> Data shown:
===
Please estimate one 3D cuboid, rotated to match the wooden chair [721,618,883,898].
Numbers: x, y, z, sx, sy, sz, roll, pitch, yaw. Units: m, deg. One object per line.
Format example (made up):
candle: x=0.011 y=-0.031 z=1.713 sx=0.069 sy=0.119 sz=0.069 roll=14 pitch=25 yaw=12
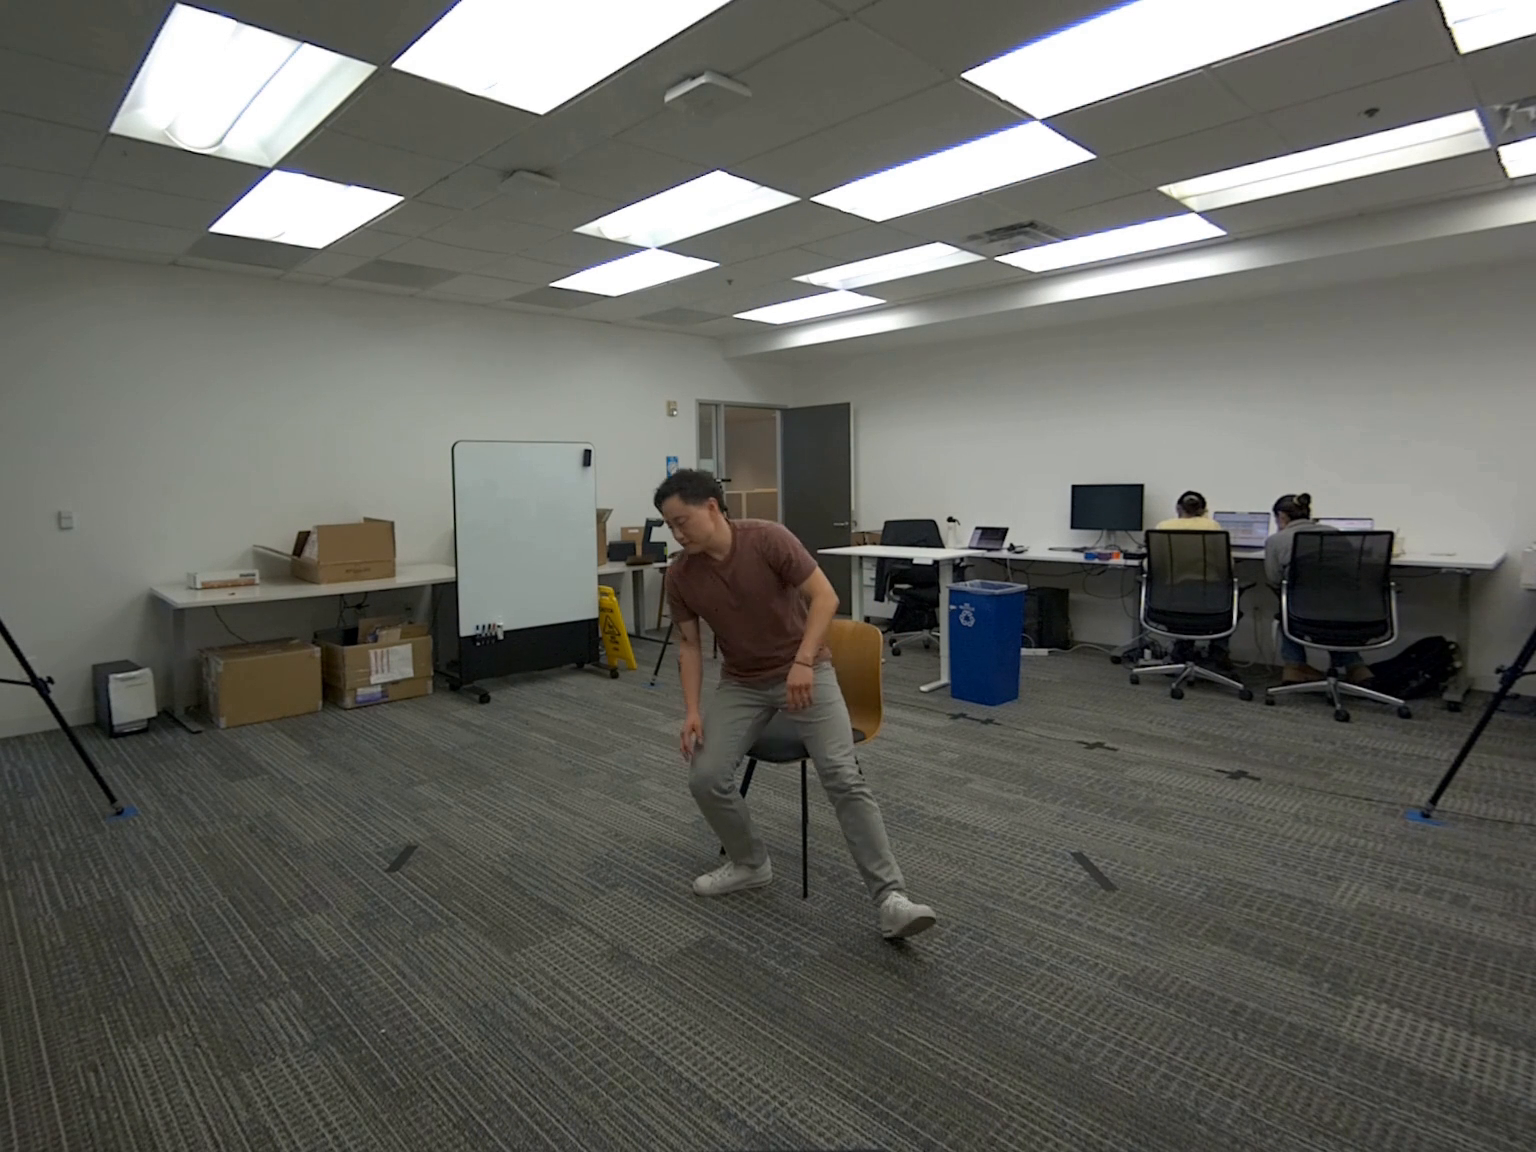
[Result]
===
> Required action: Copy only this, please: the line with "Numbers: x, y, z, sx, sy, sz, roll, pitch, yaw." and every line after it through the end of the data, with no pictures.

> Finished exercise:
Numbers: x, y, z, sx, sy, sz, roll, pitch, yaw. Units: m, deg. One object per line.
Format example (made up):
candle: x=0.011 y=-0.031 z=1.713 sx=0.069 sy=0.119 sz=0.069 roll=14 pitch=25 yaw=12
[Result]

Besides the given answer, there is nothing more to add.